● Problem requirements
Below is a set of records. Repeat them verbatim without the pictures.
==============================
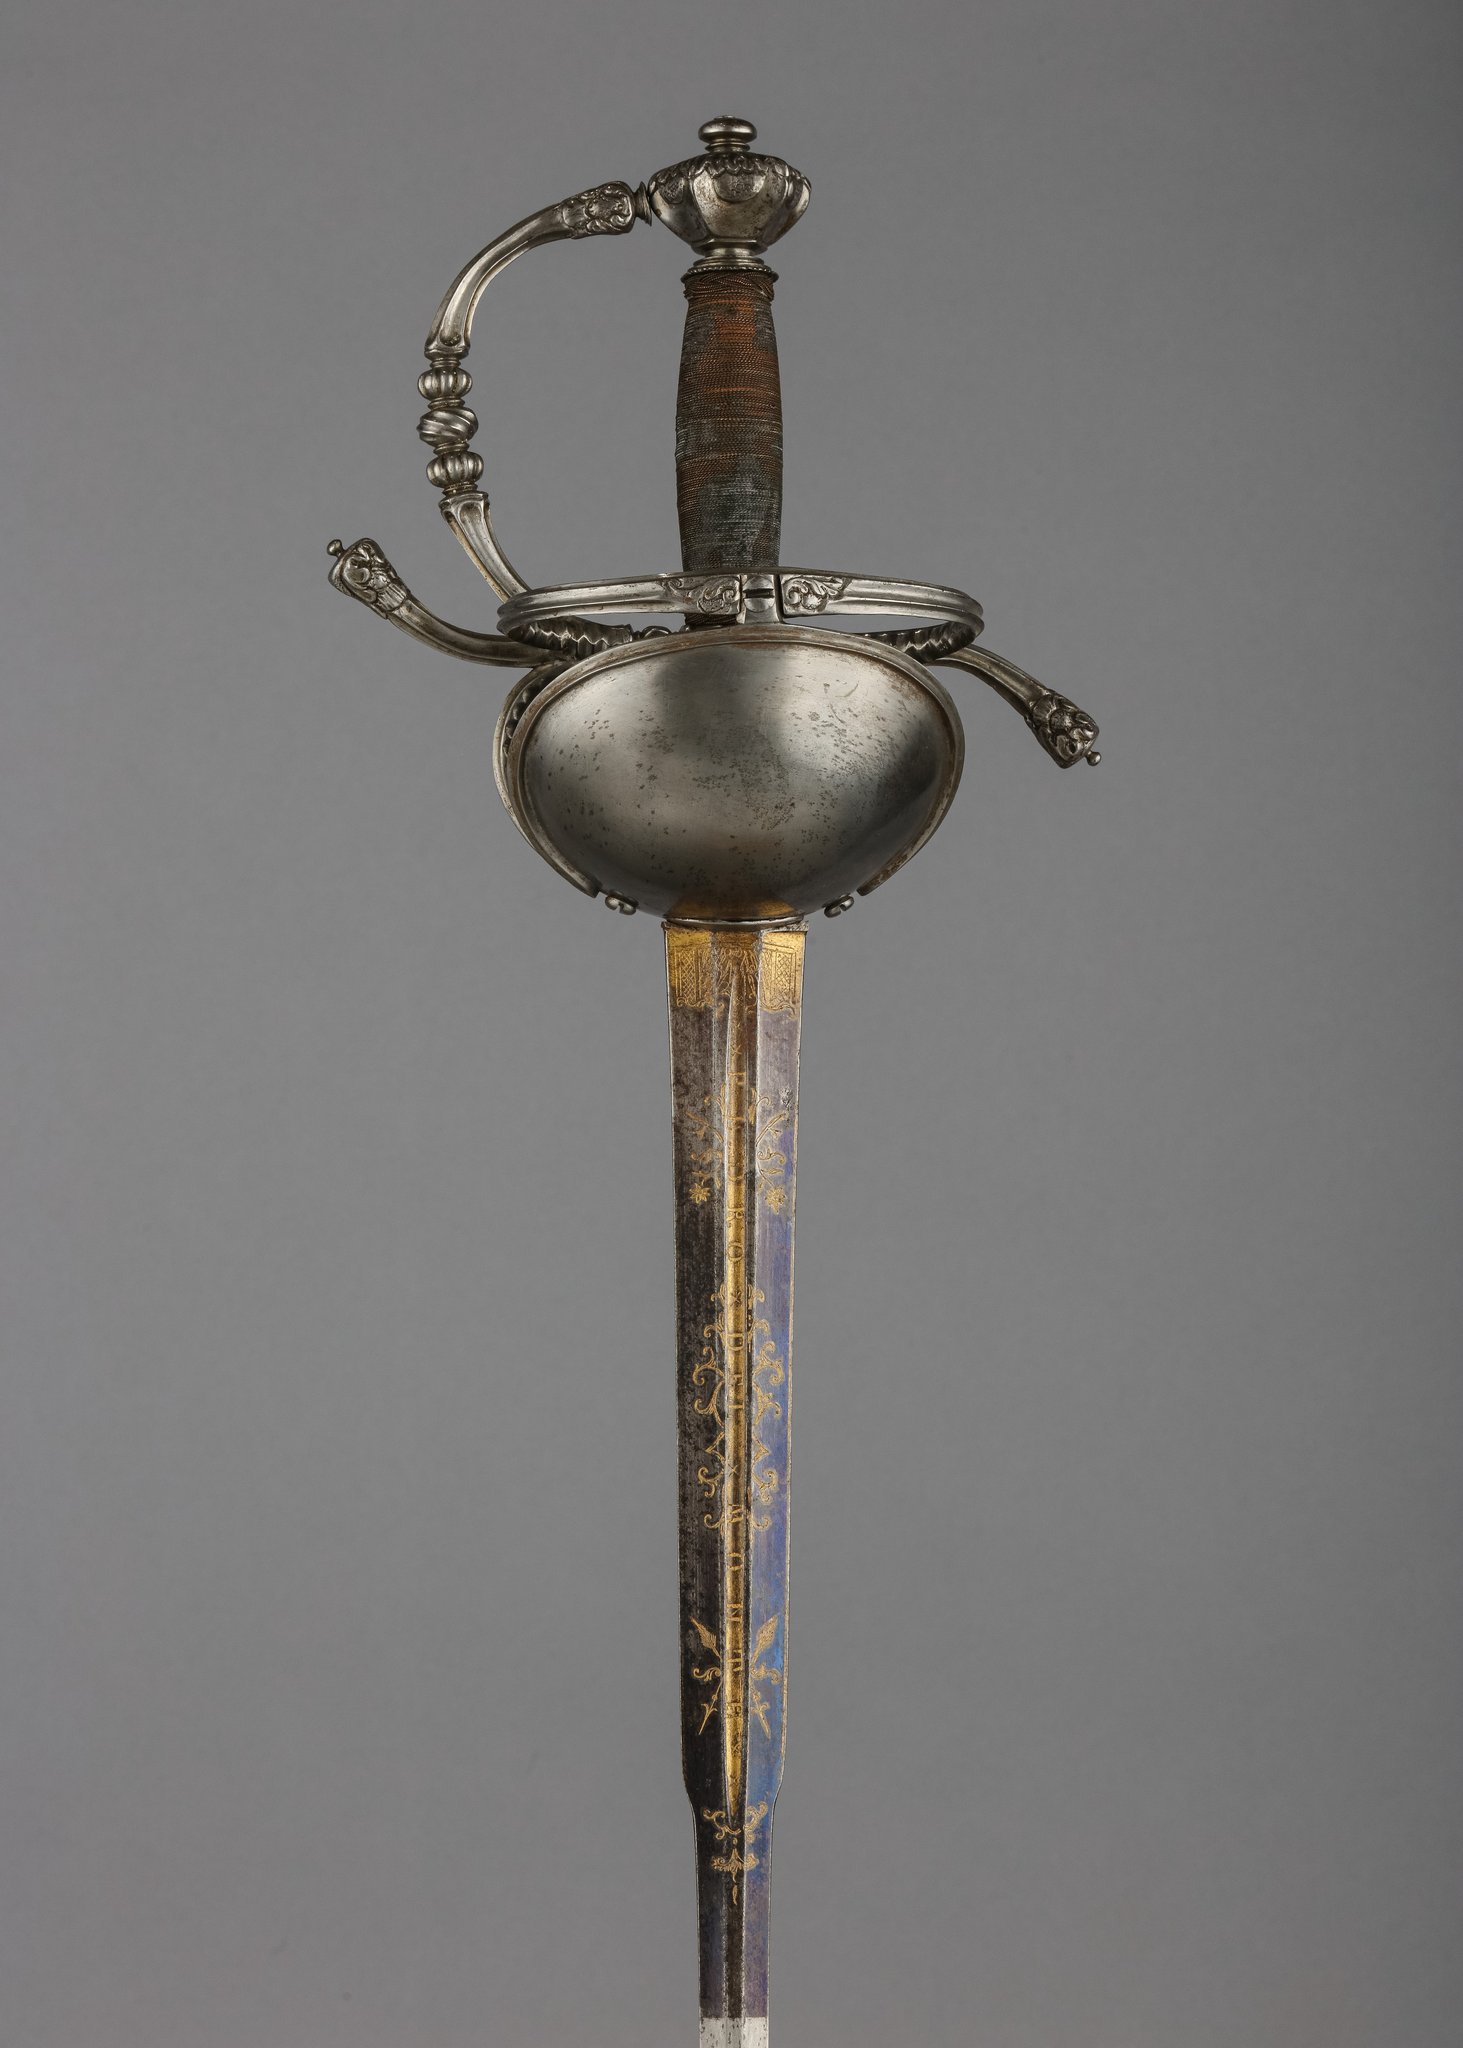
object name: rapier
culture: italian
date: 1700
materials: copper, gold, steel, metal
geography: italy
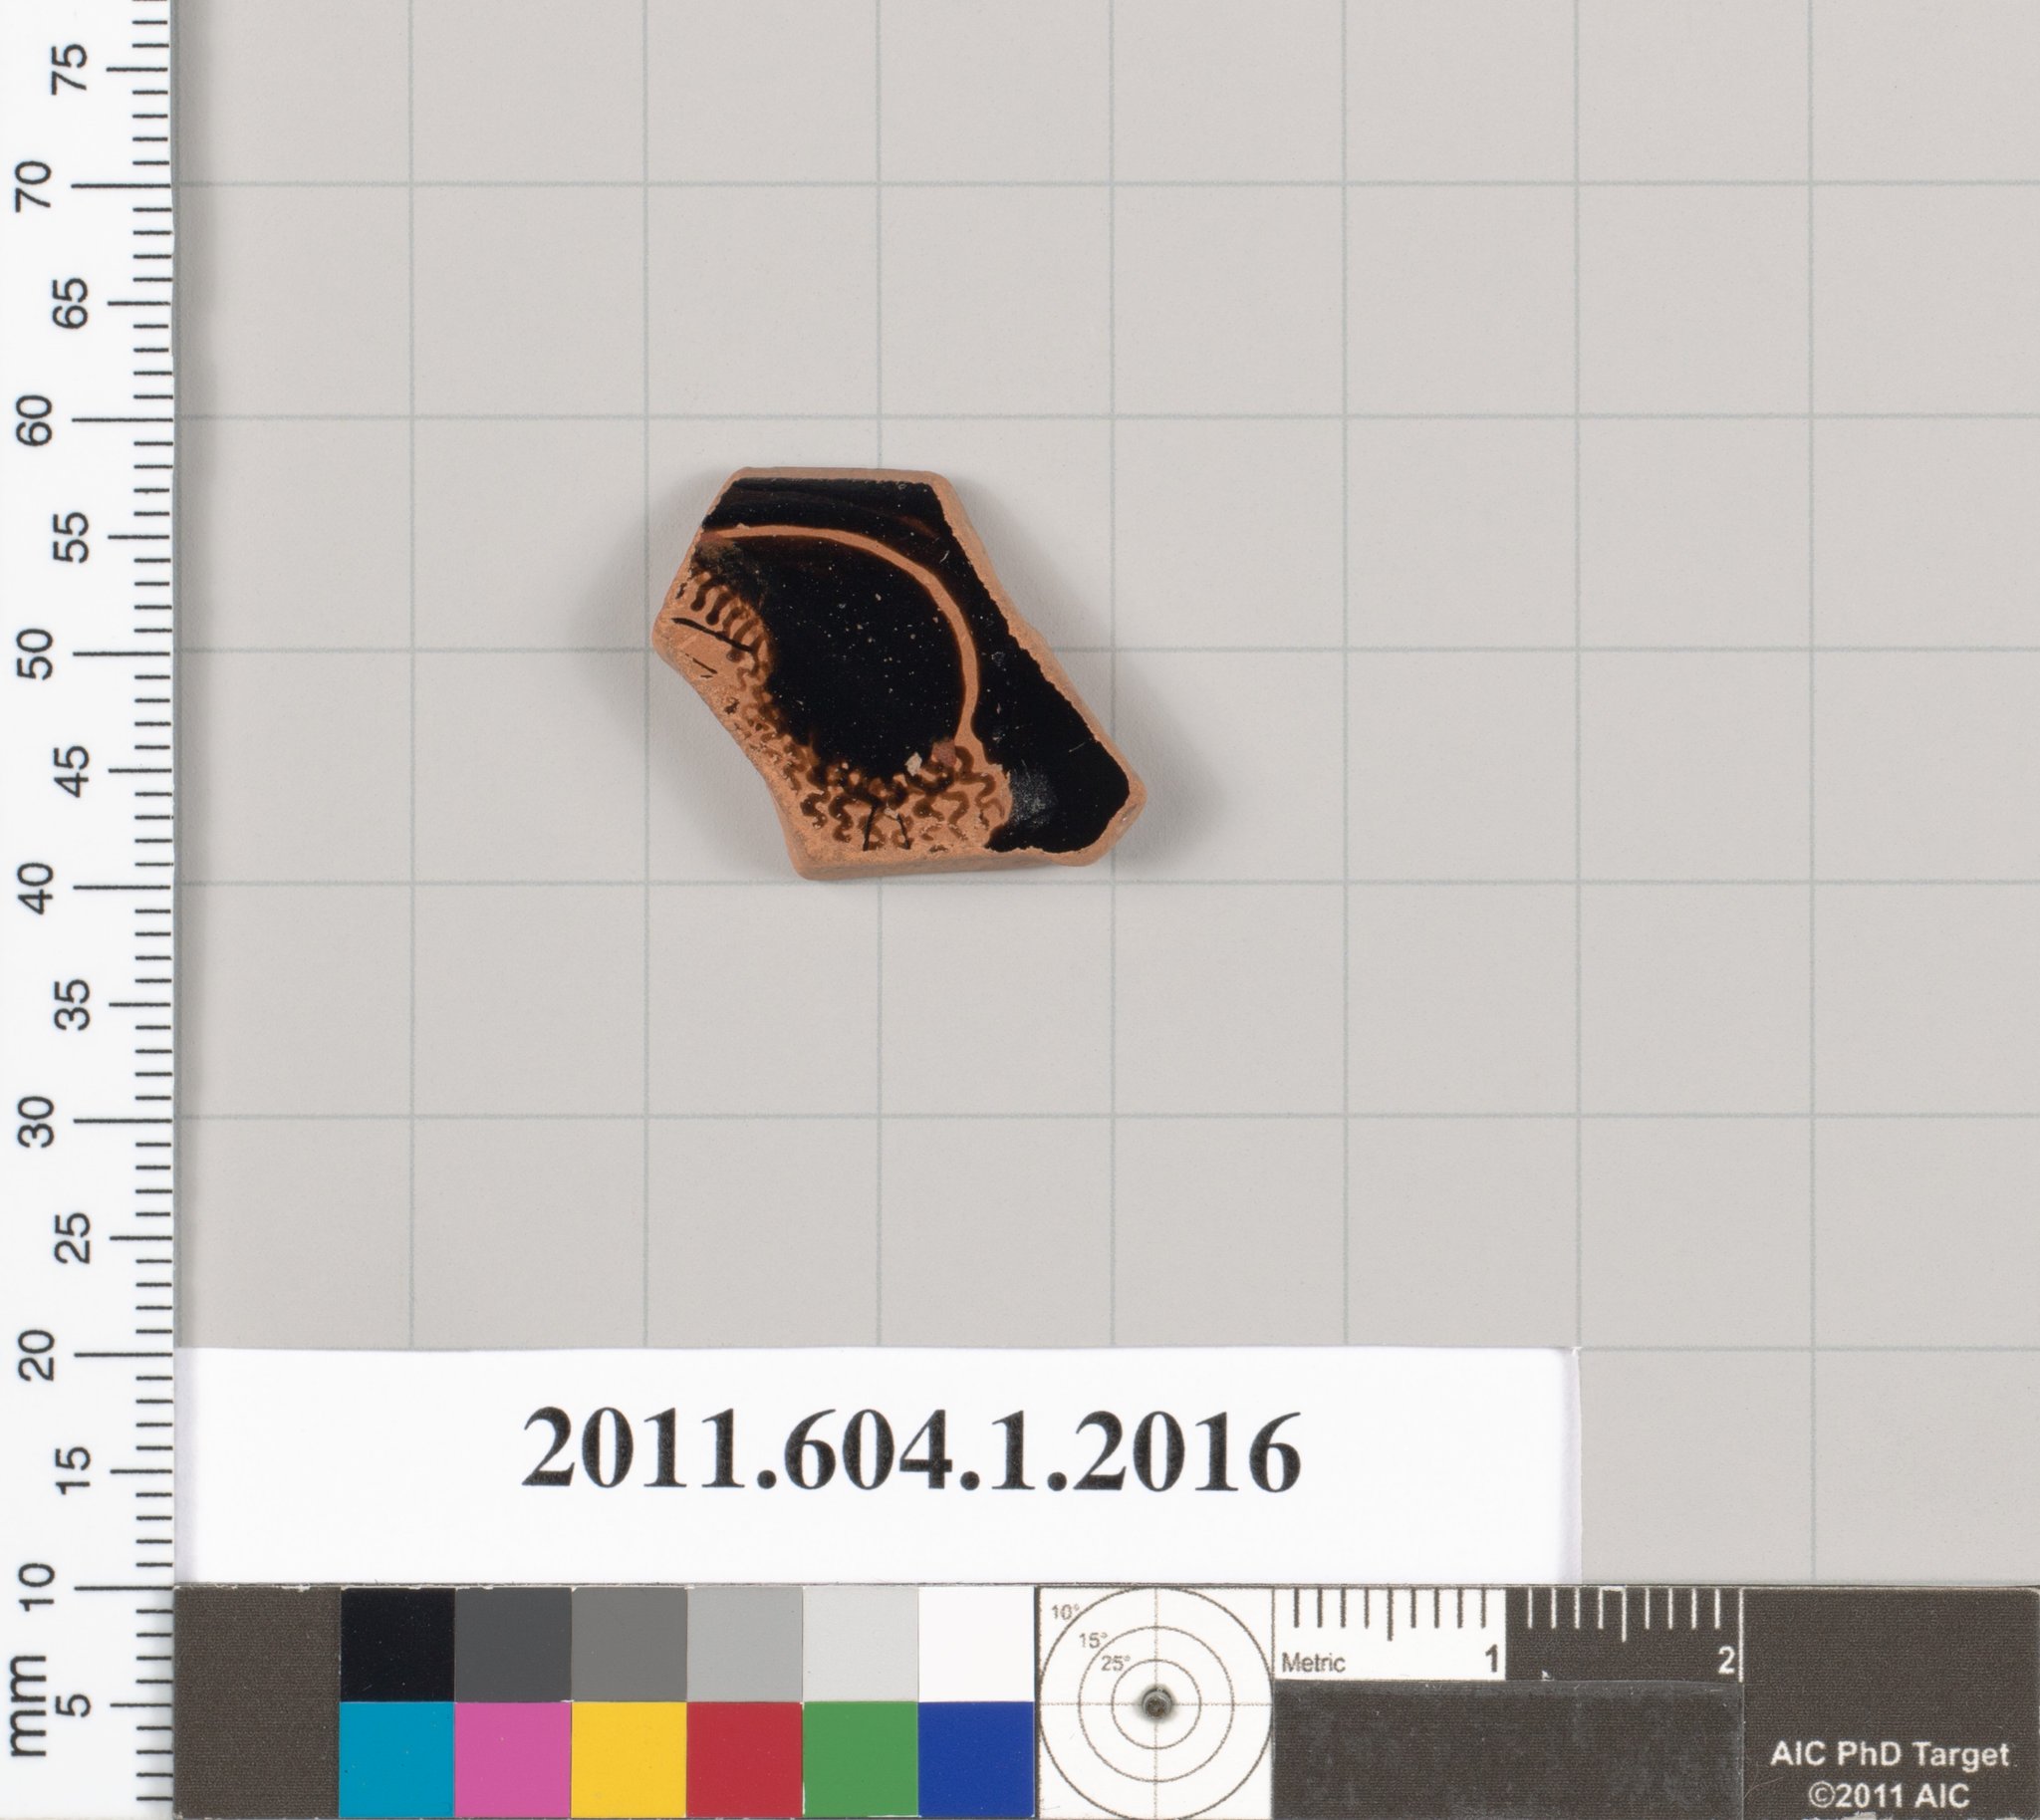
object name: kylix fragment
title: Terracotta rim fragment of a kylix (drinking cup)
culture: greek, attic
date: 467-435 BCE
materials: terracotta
==============================
● Response
object name: rapier
culture: italian
date: 1700
materials: copper, gold, steel, metal
geography: italy
object name: kylix fragment
title: Terracotta rim fragment of a kylix (drinking cup)
culture: greek, attic
date: 467-435 BCE
materials: terracotta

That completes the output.